悟りを開くためにはどれほど努力すればいいか

釈迦のような宿善がある天才でも血のにじむ努力をしました。まして、われわれ凡人は努力するしかありません。

他力仏教でも努力は必要

浄土門他力の道であっても、自分の力で求めようと努力する、自力の心がけが必要です。
・自己に勝つのは難しい
求道は自己を知る道です。

「自分」とは何か?人生は自分を知るためにある。自分を客観視する方法とは?本当のマインドフルネスとは?

自己を知るには、自己に勝つ必要がありますが、それは非常に難しいことです。見えないのでわかりづらいですが、自己との闘いは激しい闘争です。
「山中の賊を破るのは易く、心中の賊を破るのは難し」(与楊仕徳薛尚誠書)

「自らに勝つことこそ、最も難しい勝利」(アリストテレス/哲学者)

「自己に打ち勝つことは勝利のうちで最大のものである」(プラトン/哲学者)

「運動のほうがなじみ深いし、男らしい。何かをしているという実感がある。ところが、静かに瞑想するのには、ある人の言葉によれば『女々しい感じ』がある。瞑想は、外からは何もしていないように見える。しかし、本当は瞑想とは力強い行動的なプロセスなのである」(ディーン・オーニッシュ/カリフォルニア大学サンフランシスコ校医学部教授)

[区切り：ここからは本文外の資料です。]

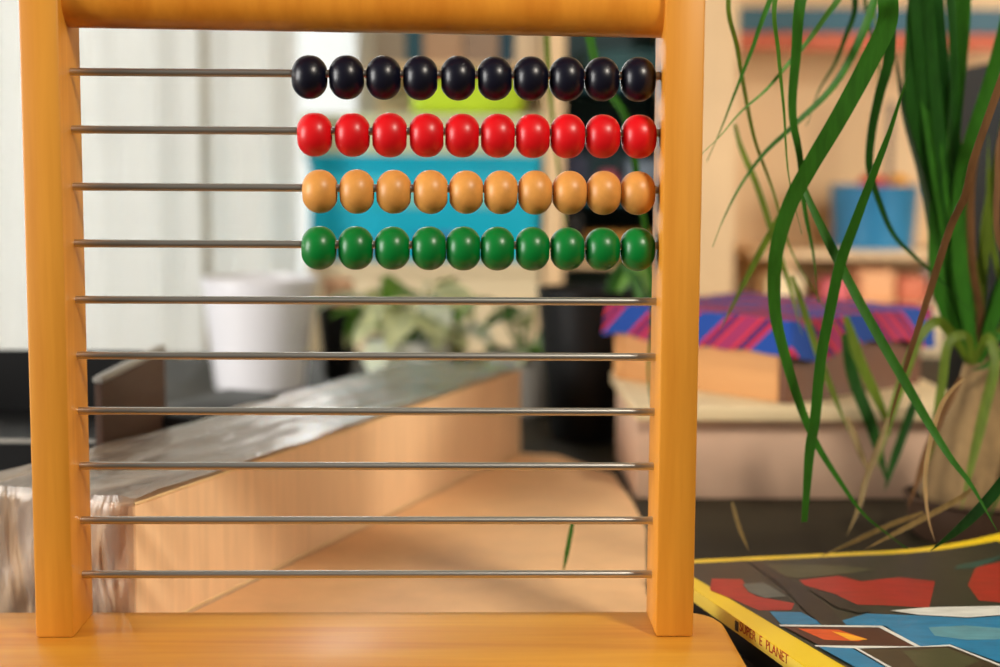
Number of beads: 40

「『気づき』を促すためであれば、時に大きく感情を揺るがすような攻撃的言動も辞さないほどの姿勢が取られ、まさしく壮絶な苦闘が繰り広げられることもしばしば見られる。『気づき』という契機は、それほどの努力をもってして、ようやく得られる困難な過程であり、またそれほどの努力をしてでも手にするべき、重大なものであるともいえるだろう」(安藤治/精神科医/花園大学教授)

求道は自己との戦いの連続です。内側からは煩悩が逆巻き、外側からは迷った大衆が圧力をかけてきますが、それらに勝ち続ける必要があります。二河白道の通りです。最終的には、死や地獄に飛び込む覚悟が要求されますが、こんなに恐ろしく勇気がいることはありません。

地獄は本当にあるのか?苦しみはどれくらいか?誰が堕ちるのか?

・煩悩は闘うもの
「理性は羅針であり、欲望は嵐である」(ポープ/詩人)
「欲望は理性に支配されるべきである」(キケロ/哲学者)

煩悩は付き合うものではなく闘うものです。死の解決をした後は煩悩が邪魔になりませんが、信前は煩悩が邪魔になるため闘う必要があります。闘っても消すことはできませんが、信前でも多少はコントロールできるようになり、惑わされにくくなります。四弘誓願には「煩悩無数誓願断」とあり、これは簡単に言えば、「規則正しい生活をする」という誓いです。

・努力しないのは無力
「他力なのだから何もしなくてもいい」と誤解する人がいますが、これは無力の状態であり、これでは他力が働きません。他力が働くには、一生懸命自力で求める必要があります。一生懸命自力で求め、自力無効と知らされた時に他力が働きます。どんなに優れた薬があっても、本人が飲もうと努力しなければ意味がないのです。
「自力にて往生せんと思うは、闇夜に、わが眼の力にて、物を見んと思わんがごとし。更に叶うべからず。日輪の光を我が眼に受け取りて所縁の境を照らしみる、これ、しかしながら日輪の力なり。ただし、日の照らす因ありとも、生盲の者は見るべからず、また、眼開きたる縁ありとも、闇夜には見るべからず。日と眼と、因縁和合して物を見るがごとし」(安心決定鈔)
(訳:自力で往生しようと思うのは、闇夜に自分の目で物を見ようと思うようなものであって、それは不可能である。日の光を自分の目に受け取って物を見ることができるのであるが、これは光の力である。しかし、光が照らすという因があっても、盲目の人は見ることができない。また、目が見えるという縁があっても闇夜には見ることができない。日の光と目、因と縁が結びついて初めて物が見えるのである)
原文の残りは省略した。